On February 2, 2023, to celebrate the 80th anniversary of the Battle of Stalingrad (Volgograd since 1961, but returning to its old name during the commemoration period), the city had seen giant busts and banners glorifying the leader, while propaganda was referring to Stalin. like the “generalissimo” (a title actually awarded in 1945), the architect of victory: a new shameless rewriting of history.
The “Stalinophilia” of the population continues to be a double-edged sword, since it can also generate resentment towards the rulers. For Russians who express respect for Stalin, he is not so much a historical figure as a symbol of a powerful and respected “Great Russia”, a Russia of justice and order, much like the sentiments of the Russian peasantry towards Tsar Nicholas II. .
From this point of view, Stalin risks losing his status as an “ally” and “guarantor” and becoming an awkward competitor for Vladimir Putin. With Stalin, the bar is set very high, and the Russian president is doomed not only to be constantly measured against his illustrious predecessor, but also to see his popularity erode, as happened in 2020-2021, in the framework of the promulgation of the pension reform, and the no less unpopular management of the Covid-19 pandemic, where not wearing a mask has become an act of defiance towards the authorities.

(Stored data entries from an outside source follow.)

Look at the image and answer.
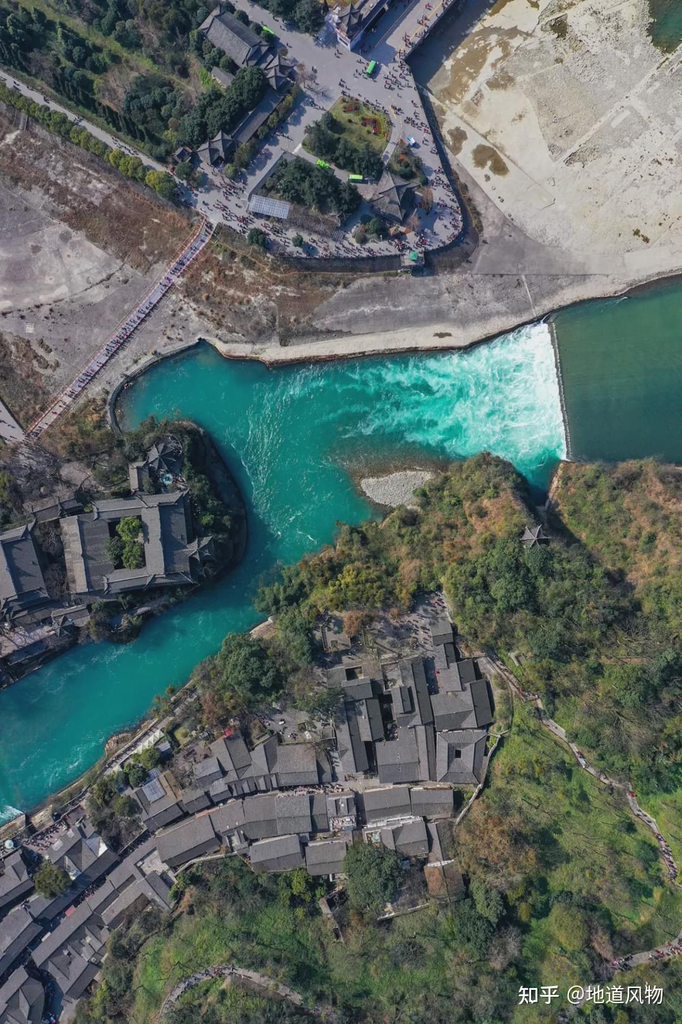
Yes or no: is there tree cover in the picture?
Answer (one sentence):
Yes, tree cover shows up in the scene.
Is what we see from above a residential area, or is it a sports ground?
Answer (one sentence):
What you see here is a residential area.
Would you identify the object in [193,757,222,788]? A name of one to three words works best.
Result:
house
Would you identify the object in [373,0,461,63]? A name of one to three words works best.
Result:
bridge
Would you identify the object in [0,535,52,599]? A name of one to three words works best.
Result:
building
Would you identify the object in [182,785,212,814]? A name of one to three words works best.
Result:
house
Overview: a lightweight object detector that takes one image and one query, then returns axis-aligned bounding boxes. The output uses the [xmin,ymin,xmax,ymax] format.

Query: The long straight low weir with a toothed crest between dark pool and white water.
[550,318,572,461]
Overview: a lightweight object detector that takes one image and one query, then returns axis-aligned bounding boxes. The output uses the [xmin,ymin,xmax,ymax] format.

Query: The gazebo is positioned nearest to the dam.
[522,522,551,549]
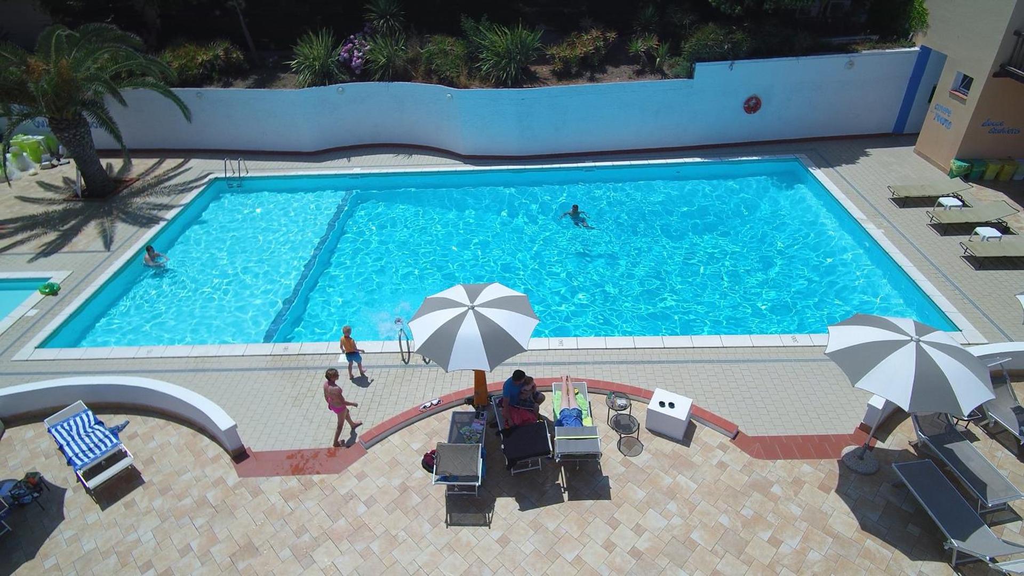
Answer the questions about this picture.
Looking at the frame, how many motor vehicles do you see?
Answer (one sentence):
There are no motor vehicles in this view.
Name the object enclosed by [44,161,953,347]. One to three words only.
swimming pool
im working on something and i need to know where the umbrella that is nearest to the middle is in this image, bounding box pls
[409,281,540,411]
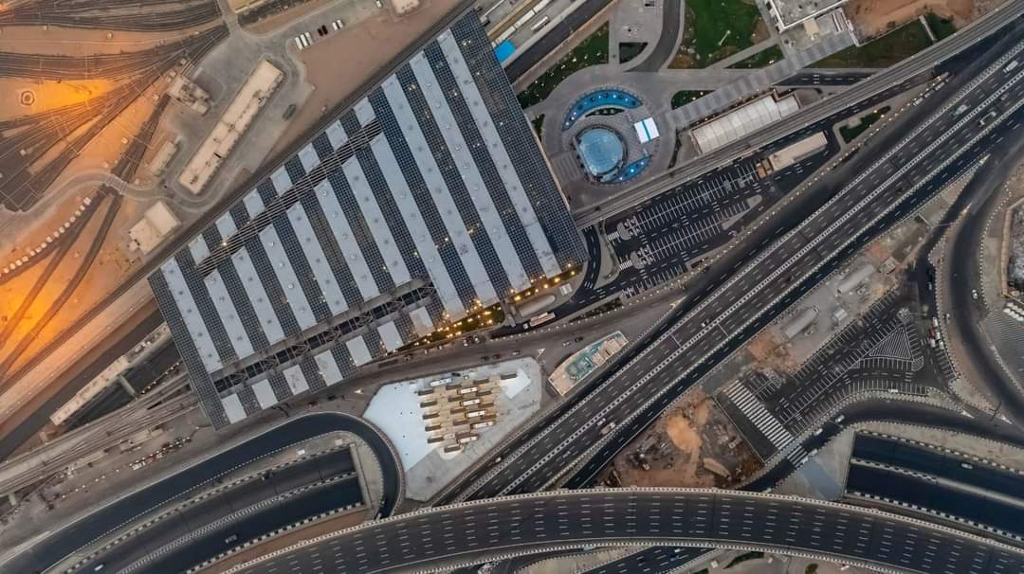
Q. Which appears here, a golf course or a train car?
train car
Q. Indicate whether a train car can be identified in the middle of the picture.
No
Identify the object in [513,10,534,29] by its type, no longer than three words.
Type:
rail car
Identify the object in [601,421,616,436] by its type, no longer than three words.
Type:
vehicle
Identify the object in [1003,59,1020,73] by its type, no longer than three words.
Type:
vehicle
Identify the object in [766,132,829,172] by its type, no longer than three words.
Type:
building
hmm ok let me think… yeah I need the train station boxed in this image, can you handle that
[148,9,589,431]
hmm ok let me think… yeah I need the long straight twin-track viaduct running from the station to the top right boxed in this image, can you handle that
[569,0,1024,230]
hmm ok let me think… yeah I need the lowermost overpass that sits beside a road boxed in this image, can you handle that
[220,485,1024,574]

distani, to parody a famous slogan from the Soviet era. Undoubtedly, Putin felt the “icy breath of the commander” who spoke of the easy conquest of Ukraine and the installation of a puppet regime in kyiv. It is also Stalin’s model that guided him in his decision to mobilize to drown the Ukrainian army “under heaps of corpses”, as the Leader had done during the Second World War. On February 28, 2023, speaking to the leadership of the FSB, Russia’s counterintelligence agency, Putin told his men to redouble their efforts to “eliminate the vermin that seek to divide Russians with the support of the Russians.” ‘West’: Is a 1937-style witch hunt brewing? At least, we cannot say that the Russians were not warned. Did they want Stalin? It can come.